### Work task
Look through the records below, and copy out every line that holds the string "uitvoeringsdiensten".

### The data
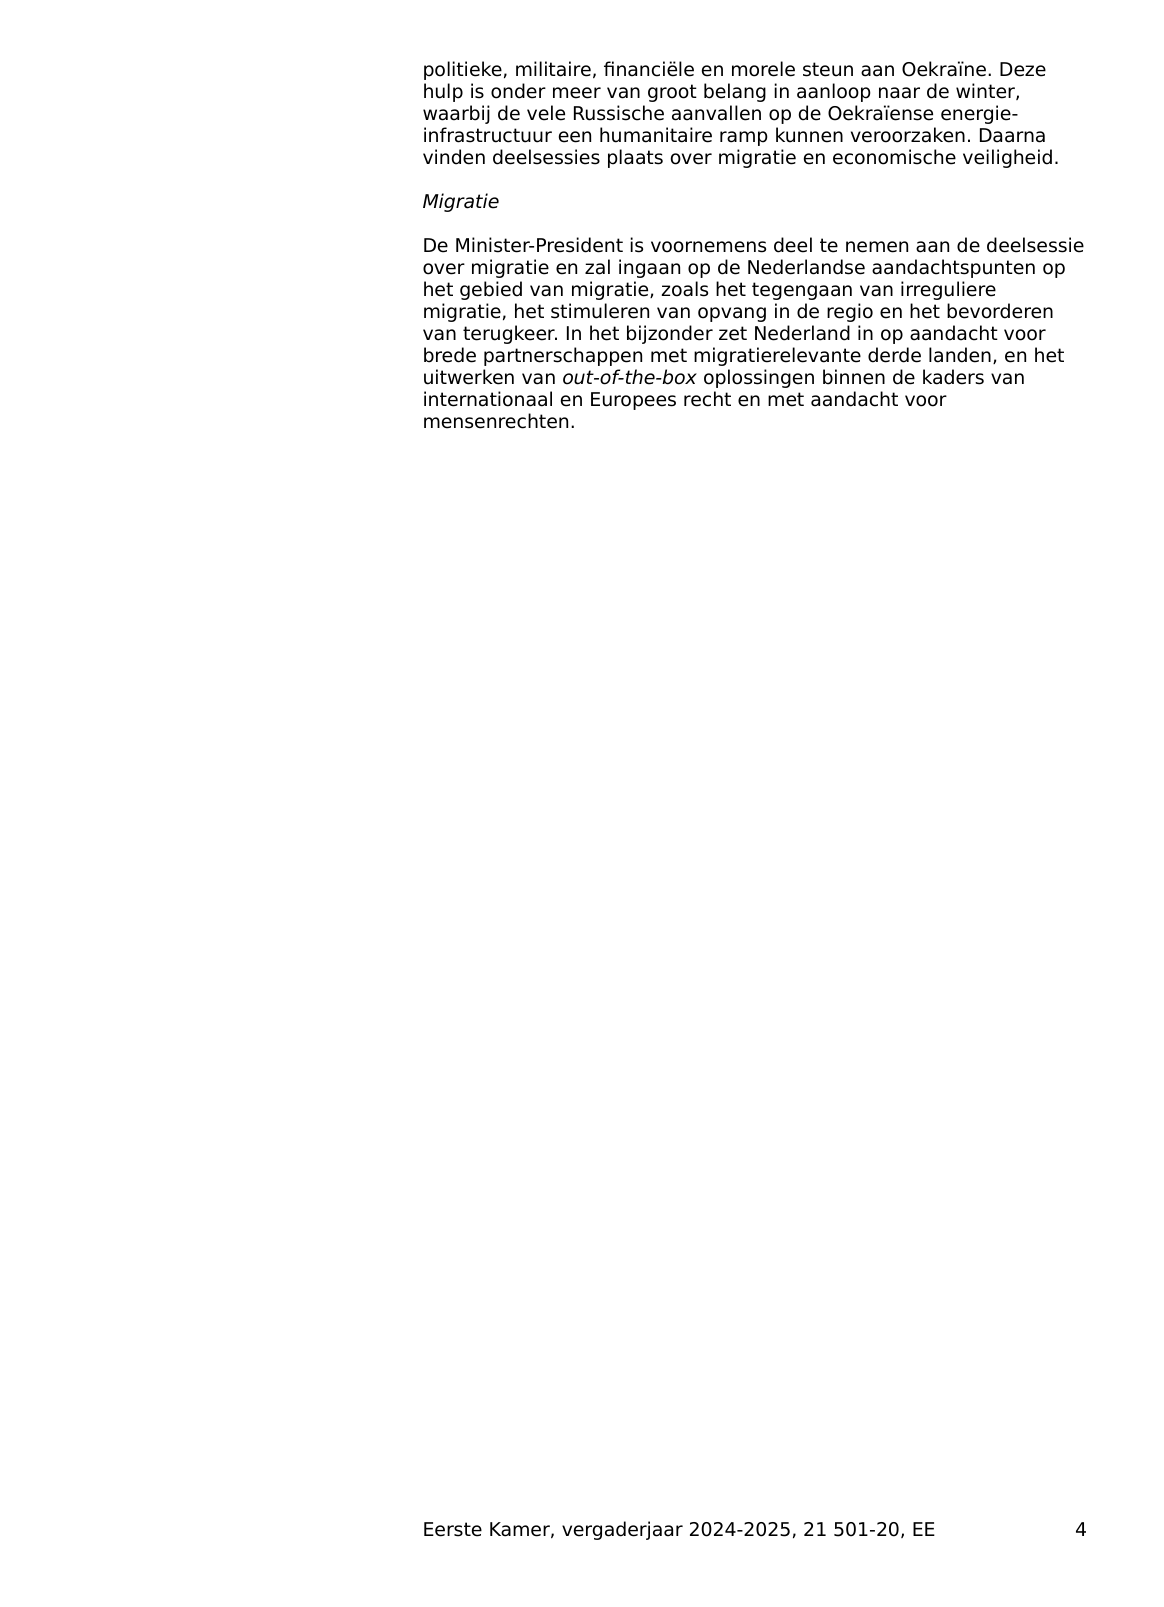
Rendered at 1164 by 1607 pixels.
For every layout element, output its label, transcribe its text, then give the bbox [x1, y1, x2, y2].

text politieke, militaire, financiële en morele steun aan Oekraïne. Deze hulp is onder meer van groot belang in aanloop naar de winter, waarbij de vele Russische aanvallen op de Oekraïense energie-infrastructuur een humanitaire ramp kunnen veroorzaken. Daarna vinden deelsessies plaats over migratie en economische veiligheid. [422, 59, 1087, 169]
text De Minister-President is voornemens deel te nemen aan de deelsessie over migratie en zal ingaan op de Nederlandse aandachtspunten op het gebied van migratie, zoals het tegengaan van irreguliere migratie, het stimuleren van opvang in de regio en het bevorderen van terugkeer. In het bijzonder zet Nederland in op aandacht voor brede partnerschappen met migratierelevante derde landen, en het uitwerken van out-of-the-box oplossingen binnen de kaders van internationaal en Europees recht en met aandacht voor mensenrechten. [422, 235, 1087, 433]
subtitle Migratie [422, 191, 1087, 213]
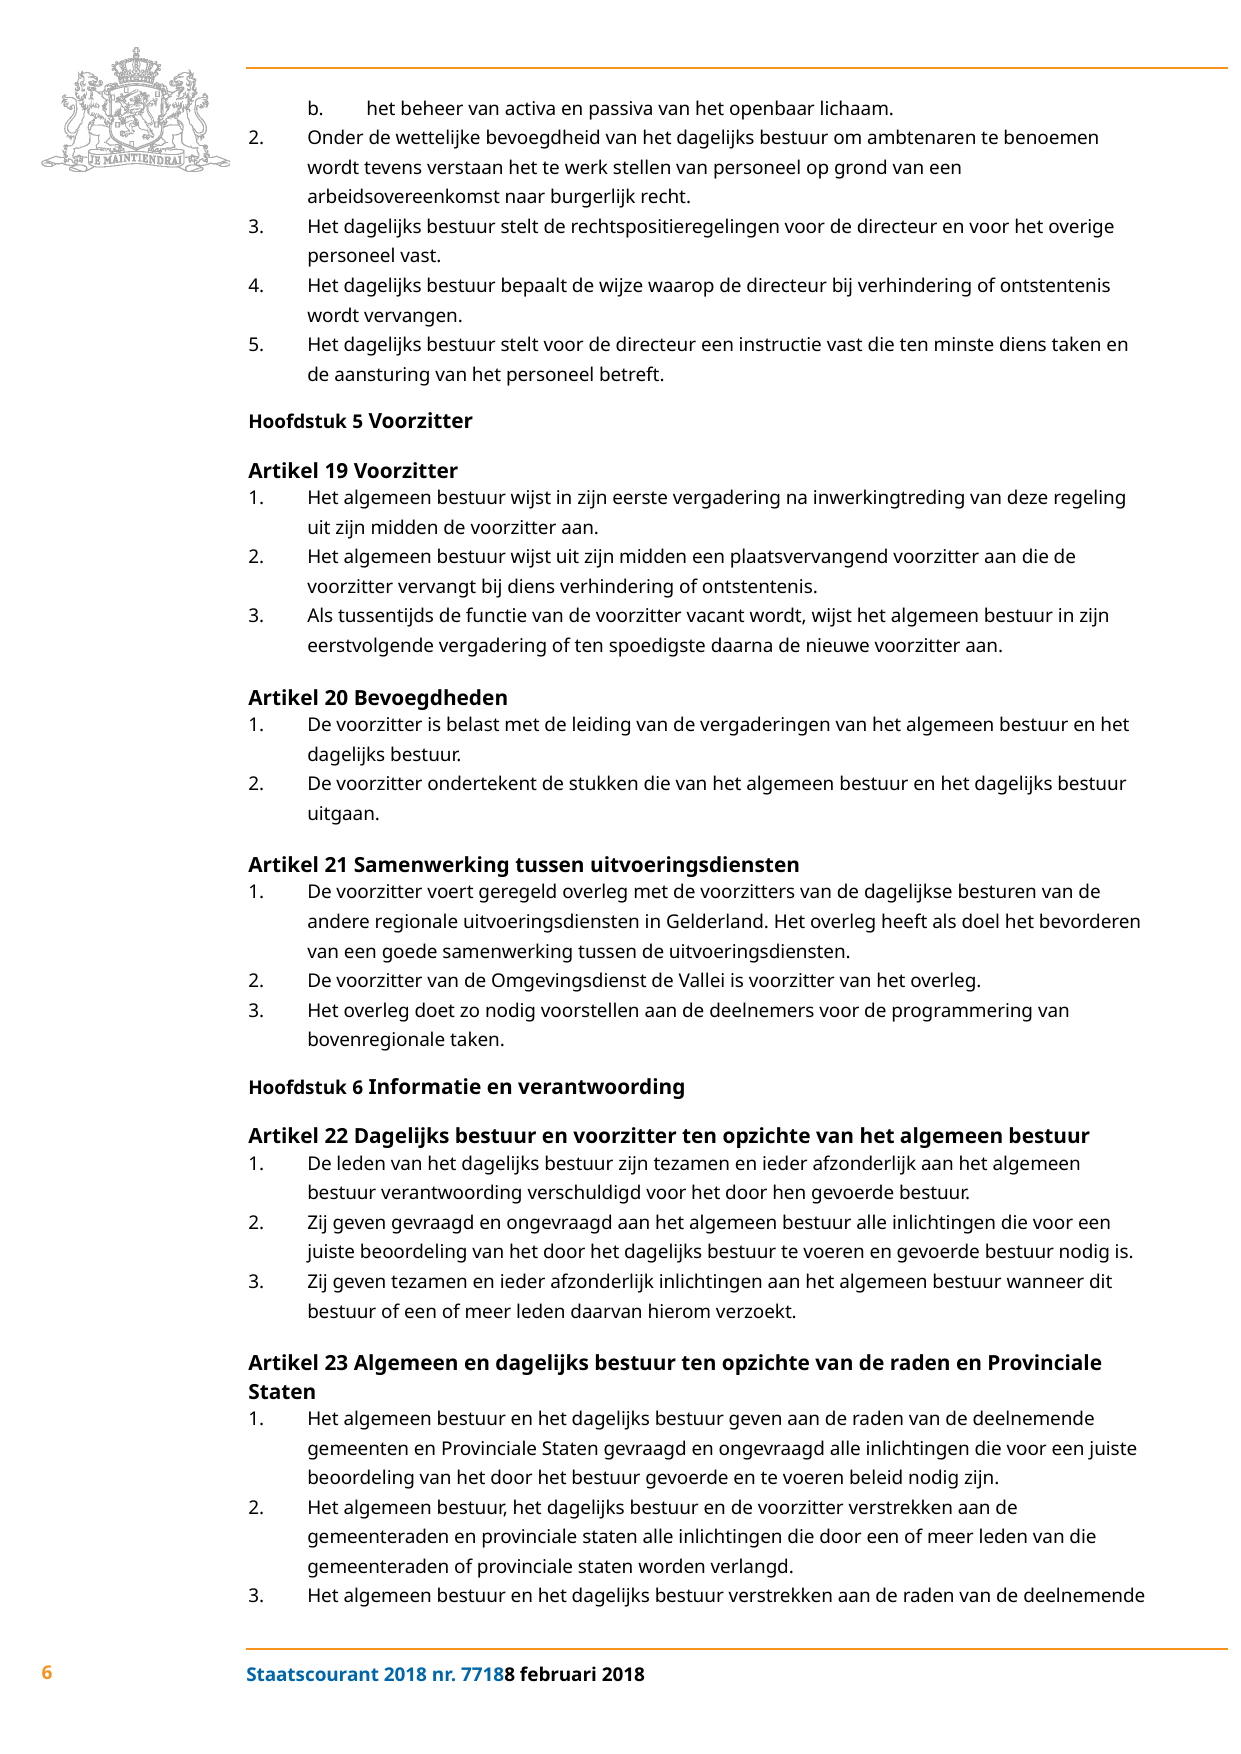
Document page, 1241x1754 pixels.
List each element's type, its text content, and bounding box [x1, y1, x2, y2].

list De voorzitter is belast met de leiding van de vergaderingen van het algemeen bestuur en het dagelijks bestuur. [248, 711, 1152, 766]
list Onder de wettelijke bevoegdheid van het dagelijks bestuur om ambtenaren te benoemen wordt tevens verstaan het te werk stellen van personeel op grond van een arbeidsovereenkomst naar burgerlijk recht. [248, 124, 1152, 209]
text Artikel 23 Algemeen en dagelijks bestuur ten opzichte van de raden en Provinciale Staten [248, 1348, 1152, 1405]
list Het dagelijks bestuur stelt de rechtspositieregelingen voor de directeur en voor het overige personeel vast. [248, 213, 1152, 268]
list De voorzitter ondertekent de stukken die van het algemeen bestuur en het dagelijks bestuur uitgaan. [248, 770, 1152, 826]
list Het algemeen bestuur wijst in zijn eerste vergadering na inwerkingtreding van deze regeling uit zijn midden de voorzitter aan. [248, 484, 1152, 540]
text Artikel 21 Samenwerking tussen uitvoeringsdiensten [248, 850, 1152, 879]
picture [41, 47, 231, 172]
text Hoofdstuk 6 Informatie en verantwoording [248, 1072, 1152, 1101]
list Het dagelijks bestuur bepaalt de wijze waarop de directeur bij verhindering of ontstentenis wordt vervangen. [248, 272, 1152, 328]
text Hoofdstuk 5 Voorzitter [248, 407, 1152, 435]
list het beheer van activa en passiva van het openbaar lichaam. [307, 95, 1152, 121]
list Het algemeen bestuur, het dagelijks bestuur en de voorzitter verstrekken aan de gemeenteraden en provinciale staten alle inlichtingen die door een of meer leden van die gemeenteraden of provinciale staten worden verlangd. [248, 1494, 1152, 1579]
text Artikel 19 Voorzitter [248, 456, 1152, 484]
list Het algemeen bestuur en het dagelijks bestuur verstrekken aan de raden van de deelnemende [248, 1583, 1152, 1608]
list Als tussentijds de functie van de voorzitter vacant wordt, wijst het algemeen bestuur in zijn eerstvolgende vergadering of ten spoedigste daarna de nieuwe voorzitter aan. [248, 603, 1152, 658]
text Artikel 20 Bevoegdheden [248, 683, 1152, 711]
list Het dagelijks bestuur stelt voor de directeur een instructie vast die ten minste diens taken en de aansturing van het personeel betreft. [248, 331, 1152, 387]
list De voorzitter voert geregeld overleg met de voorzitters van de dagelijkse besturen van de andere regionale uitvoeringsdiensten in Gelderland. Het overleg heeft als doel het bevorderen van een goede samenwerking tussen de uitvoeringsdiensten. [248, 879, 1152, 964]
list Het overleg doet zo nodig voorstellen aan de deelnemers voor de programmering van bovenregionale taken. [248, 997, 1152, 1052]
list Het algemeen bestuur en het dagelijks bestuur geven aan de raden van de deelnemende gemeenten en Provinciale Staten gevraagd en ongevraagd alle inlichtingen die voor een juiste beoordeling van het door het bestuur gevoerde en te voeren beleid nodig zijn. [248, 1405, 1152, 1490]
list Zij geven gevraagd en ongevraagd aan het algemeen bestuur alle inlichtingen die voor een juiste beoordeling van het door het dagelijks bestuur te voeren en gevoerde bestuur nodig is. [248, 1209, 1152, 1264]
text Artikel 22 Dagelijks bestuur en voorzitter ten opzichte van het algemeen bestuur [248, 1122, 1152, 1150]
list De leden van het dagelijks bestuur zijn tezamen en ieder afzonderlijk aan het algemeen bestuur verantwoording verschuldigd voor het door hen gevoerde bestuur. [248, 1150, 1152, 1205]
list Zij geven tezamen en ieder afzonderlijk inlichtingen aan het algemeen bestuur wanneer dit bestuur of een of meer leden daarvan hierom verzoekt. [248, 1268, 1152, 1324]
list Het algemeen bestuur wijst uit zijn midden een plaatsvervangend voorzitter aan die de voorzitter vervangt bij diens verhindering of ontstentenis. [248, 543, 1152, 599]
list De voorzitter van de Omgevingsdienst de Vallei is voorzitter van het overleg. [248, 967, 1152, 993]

### Finished exercise
text Artikel 21 Samenwerking tussen uitvoeringsdiensten [248, 850, 1152, 879]
list De voorzitter voert geregeld overleg met de voorzitters van de dagelijkse besturen van de andere regionale uitvoeringsdiensten in Gelderland. Het overleg heeft als doel het bevorderen van een goede samenwerking tussen de uitvoeringsdiensten. [248, 879, 1152, 964]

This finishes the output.